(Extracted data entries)
★ ★ ★ ★ ★
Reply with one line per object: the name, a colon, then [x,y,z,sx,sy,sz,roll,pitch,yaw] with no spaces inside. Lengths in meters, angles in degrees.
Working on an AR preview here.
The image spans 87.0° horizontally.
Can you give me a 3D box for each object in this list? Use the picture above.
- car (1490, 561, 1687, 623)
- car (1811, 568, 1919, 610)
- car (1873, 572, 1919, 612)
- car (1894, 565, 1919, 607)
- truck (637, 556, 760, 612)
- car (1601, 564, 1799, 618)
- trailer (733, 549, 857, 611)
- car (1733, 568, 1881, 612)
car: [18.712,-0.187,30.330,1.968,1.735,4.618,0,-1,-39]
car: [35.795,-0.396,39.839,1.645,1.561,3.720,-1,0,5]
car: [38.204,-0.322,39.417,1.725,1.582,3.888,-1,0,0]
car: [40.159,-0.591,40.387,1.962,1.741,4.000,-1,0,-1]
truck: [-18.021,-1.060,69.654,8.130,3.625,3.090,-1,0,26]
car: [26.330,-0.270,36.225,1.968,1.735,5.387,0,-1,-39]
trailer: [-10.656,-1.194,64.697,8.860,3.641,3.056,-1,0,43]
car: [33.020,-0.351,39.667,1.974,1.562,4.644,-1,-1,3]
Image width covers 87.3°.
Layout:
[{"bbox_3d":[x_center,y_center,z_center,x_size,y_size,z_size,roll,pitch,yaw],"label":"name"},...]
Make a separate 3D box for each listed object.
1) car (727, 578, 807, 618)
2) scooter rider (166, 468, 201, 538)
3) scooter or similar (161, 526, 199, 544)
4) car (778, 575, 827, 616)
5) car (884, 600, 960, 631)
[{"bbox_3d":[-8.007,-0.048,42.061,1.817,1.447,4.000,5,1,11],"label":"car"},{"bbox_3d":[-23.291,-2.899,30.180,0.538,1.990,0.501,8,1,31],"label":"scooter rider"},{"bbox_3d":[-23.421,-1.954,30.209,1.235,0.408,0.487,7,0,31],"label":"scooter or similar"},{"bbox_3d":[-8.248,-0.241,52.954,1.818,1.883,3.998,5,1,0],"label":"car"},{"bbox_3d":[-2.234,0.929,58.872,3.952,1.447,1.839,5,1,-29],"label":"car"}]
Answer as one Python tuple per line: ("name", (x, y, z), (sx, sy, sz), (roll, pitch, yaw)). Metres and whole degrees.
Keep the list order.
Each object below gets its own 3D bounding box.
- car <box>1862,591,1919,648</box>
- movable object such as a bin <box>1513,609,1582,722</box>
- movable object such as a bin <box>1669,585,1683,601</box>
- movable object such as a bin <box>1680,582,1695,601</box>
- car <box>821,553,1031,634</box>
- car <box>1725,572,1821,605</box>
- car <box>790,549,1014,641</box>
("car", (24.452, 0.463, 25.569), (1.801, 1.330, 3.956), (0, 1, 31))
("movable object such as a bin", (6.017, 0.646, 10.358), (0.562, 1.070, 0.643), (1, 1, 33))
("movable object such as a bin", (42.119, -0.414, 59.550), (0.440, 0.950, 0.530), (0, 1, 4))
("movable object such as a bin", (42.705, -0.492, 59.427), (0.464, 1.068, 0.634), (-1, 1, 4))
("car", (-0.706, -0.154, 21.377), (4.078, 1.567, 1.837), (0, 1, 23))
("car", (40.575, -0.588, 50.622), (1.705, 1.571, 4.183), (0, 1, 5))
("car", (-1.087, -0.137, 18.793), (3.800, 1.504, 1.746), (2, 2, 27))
★ ★ ★ ★ ★
Please go line by line through the records above, copying each one that holds the string "pitch".

→ Solved problem
Reply with one line per object: the name, a colon, then [x,y,z,sx,sy,sz,roll,pitch,yaw] with no spaces inside. Lengths in meters, angles in degrees.
[{"bbox_3d":[x_center,y_center,z_center,x_size,y_size,z_size,roll,pitch,yaw],"label":"name"},...]
Answer as one Python tuple per line: ("name", (x, y, z), (sx, sy, sz), (roll, pitch, yaw)). Metres and whole degrees.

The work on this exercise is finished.